コンプライアンスやリスク管理に関するその時々のホットなテーマを、現場を知る
危機管理専門会社ならではの時流を先取りする鋭い視点から切り込み、提言するコラムです。

杭打ち偽装問題の深淵(2015.11)

杭打ち偽装問題の深淵

問題の背景

 神奈川県横浜市の大型マンションが傾いたことに端を発した杭打ち偽装問題は全国的な拡がりを見せてきた。これまでの報道によると、多層な下請け構造を有する業界の問題点は指摘されるものの、その中でも杭打ち作業の管理や指示を担当する二次下請けの旭化成建材とその親会社である旭化成に対する風向きが強くなっている。と同時に、データを偽装した契約社員の個人的な資質や責任に帰そうとする意図が垣間見られる。
 本当にそれで良いのだろうか、それで済む問題なのだろうか。もちろん、そんなことはなく、業界全体の問題として、悪しき慣行にメスを入れていかなければならないであろう。
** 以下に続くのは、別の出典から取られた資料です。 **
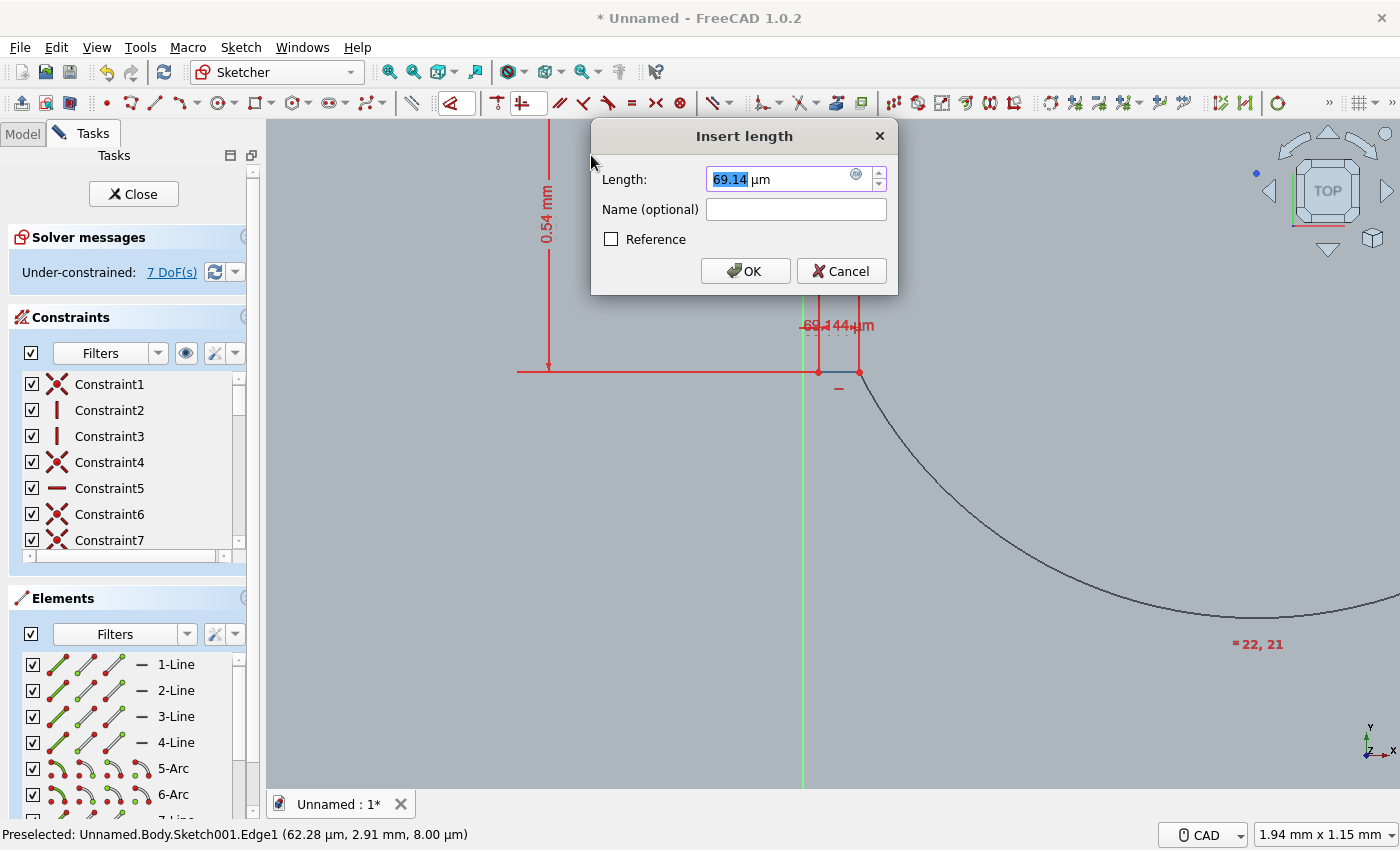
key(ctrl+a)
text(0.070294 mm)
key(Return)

 まず、問題となったマンションの工事発注経路を辿ってみよう。マンションの販売をしたのは、業界大手の三井不動産レジデンシャルである(親会社は三井不動産)。その下に、施工の元請け会社(工事の受注者)として、三井住友建設があり、さらに、一次下請けに日立ハイテクノロジーズ(旧社名日製産業)、そして、二次下請けとして旭化成建材が来る。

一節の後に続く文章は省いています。